Couple of notes taken at the first session of Network Biology 2.0 at the Broad. Only managed to sneak in during day one as all seats had sold out — somewhat frustrating when half of the auditorium is empty. Won’t be able to cover the remaining talks, unfortunately. Personal comments in brackets, all errors mine.
George Church (HMS): Technologies for collecting and integrating genome, environment and trait data
[Kicks off with a busy slide thanking about 50 different companies and groups]. Drink your milk, eat your grains (unless you have lactase deficiency, …) — a different view on health advices. We have a host of anti-cancer options — prevention, surgery, stem cell/gene therapy, vaccines, synthetic biology strategies, chemical elimination, maintenance (rather than hasten resistance by elimination), combination therapy.
Prevention: avoiding the environmental components (UV, radiation, chemicals, infection, diet). We know of a smaller subset of actionable adult onset variants, testable to some extent by genome sequencing (detecting gaps, inversions, causative mutations). Still not done with the human genome build, gaps of millions of bases in some chromosomes, informative regions not present in hg18/19.
On sequencing: current cost at around 1500$ on consumables for a full genome run. Lists 20 companies (half of which still in R&D) now driving sequencing technologies. Crowded field. Highlights Nanopore, IonTorrent.
Challenges: structural variation detection. Methods to get continuity from end-to-end of a chromosome (Mbp). Use dilution libraries, in-situ sequencing (ss-DNA-EM). Extend to the cell and combine with morphological measurements (Balkal et al, Science 316).

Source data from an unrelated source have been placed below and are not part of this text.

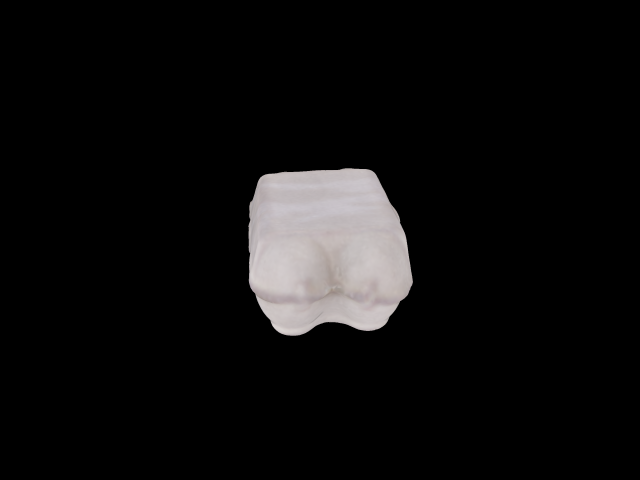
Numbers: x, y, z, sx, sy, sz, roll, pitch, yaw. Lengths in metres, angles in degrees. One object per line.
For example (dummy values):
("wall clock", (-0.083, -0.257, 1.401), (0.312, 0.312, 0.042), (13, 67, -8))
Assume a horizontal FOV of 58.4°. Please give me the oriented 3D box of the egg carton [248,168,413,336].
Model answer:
("egg carton", (0.004, 0.001, 0.400), (0.107, 0.069, 0.150), (-4, 29, -6))
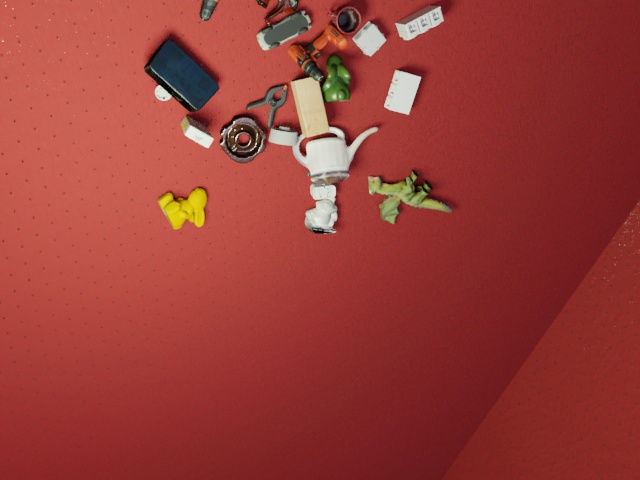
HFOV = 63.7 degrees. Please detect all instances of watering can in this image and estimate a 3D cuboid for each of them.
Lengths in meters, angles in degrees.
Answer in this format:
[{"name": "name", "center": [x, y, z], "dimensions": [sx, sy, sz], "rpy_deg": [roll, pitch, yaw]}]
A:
[{"name": "watering can", "center": [0.071, -0.335, 2.003], "dimensions": [0.348, 0.103, 0.225], "rpy_deg": [-7, 85, -8]}]

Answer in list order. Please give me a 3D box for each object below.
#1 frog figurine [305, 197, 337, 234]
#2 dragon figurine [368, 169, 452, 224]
[{"name": "frog figurine", "center": [0.006, -0.107, 2.131], "dimensions": [0.137, 0.121, 0.161], "rpy_deg": [4, 77, -11]}, {"name": "dragon figurine", "center": [0.367, -0.164, 2.226], "dimensions": [0.406, 0.125, 0.240], "rpy_deg": [37, 116, -26]}]
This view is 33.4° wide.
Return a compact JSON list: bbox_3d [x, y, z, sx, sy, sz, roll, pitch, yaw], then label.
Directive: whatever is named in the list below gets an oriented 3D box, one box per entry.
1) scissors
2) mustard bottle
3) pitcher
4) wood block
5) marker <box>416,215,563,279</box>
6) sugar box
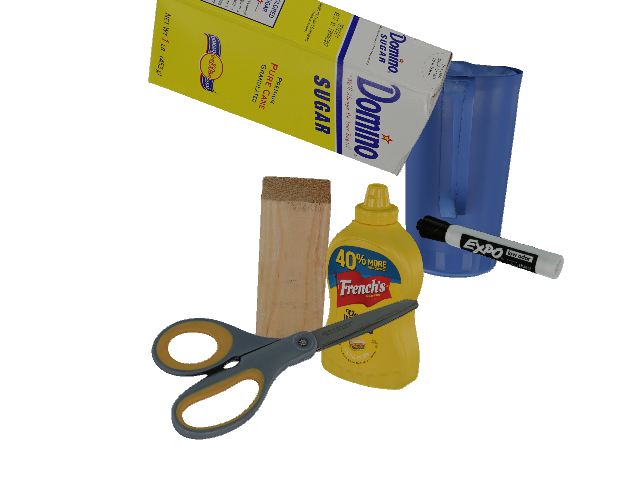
[{"bbox_3d":[-0.032,0.065,0.750,0.201,0.096,0.016,-34,-24,-30],"label":"scissors"},{"bbox_3d":[0.050,0.041,1.015,0.096,0.192,0.058,13,19,32],"label":"mustard bottle"},{"bbox_3d":[0.156,-0.082,1.231,0.149,0.243,0.145,-9,19,-33],"label":"pitcher"},{"bbox_3d":[-0.037,0.029,1.401,0.090,0.206,0.091,3,23,-2],"label":"wood block"},{"bbox_3d":[0.129,0.003,0.829,0.121,0.020,0.020,19,10,30],"label":"marker"},{"bbox_3d":[-0.016,-0.107,0.666,0.176,0.048,0.093,22,-30,0],"label":"sugar box"}]
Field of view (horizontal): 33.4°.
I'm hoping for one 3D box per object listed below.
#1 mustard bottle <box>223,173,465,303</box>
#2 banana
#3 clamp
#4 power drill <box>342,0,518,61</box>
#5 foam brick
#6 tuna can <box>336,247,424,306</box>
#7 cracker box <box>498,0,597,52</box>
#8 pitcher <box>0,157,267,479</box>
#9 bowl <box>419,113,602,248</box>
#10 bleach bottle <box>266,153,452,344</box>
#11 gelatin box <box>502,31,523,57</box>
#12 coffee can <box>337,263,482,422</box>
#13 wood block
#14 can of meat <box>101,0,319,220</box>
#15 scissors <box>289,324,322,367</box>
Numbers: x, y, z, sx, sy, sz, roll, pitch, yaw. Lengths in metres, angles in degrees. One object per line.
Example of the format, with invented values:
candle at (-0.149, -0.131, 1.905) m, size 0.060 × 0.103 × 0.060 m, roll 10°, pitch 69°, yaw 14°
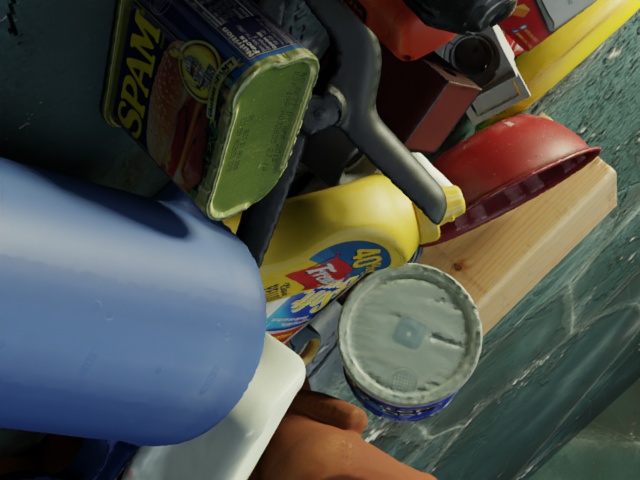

Moving from sequencers to Bio-Fab: select synthetic sequences, biochemical kinetics, cell sorting (extension of the polonator project). Systems biology won’t go from genome alone to predictions. Rich trait data, epigenome, etc needed. The problem of finding trait information in dbGap, anonymization, data escape and re-identification. What about cell lines which still have all relevant information?
Medical genomics: about 1500 genes highly predictive and actionable for inherited diseases and cancer. Very few on DTC SNP chips, unfortunately. Reviews recent exome, genome sequencing papers that (re)identified causal genes. Adding in family information to aid in the analysis of 25 genomes. Well-established pathogenic alleles at low allele frequency (less than 4%). Explore via PersonalGenomes. For each PGP member fibroblast cell lines, (sometimes?) IPS cell lines and derived tissues — finding person to person variation in hepatic proteins involved in drug efficacy. A way around the limitations of blood-based diagnostics?
Measuring pathogens directly or indirectly (immune-response test). Time series vaccine experiments to track dynamic response to 11 infectious strains, following VDJ usage and distributions.
[A George Church talk: almost impossible to capture even half of what he is talking about, much less what is covered by the slides. Question on handheld devices: matter of demand. Sees multiple markets (low cost, long reads, high speed, mobility), not all of them covered by a single device.]
Stephen Turner (Pacific Biosciences): Real time DNA sequencing from single polymerase molecules
Focus on the actual technology (should be well-known by now). DNA polymerase as a sequencing engine (750 bp/s, processive, frugal, low-error rate). Need to observe one molecule at a time. Zero-mode wave guide (ZMW) development, avoiding base-labeled nucleotides (inhibitory, background light), labels instead attached to the terminal phosphate and clipped off by polymerase. Lovely movie of 3000 polymerases in action (idling and after activation) at around 3-5 bases/second. Commercial release ‘towards the end of this year’.
3’/5’ ends of sequence templates joined together into a circular template, tried to streamline sample prep workflow. Test run on influenza, under nine hours from sample to sequence results, half of that taken up by RNA prep. Identify strains by looking at individual molecules. [Should be interesting to see entire quasi-species (HIV) in a single sample.]
Second case study: MCF7 transcriptome to identify structural variants using reads of 2+kb, found known and novel variants. Previous example of E.coli re-sequencing with low error rates, 10kB read example, uniform coverage (rather than normal distribution), low GC content bias, strobe sequencing, etc. See notes from #AGBT. Sample of the strobe read approach to resolve genomic structures like large-scale inserts at essentially 1-fold coverage.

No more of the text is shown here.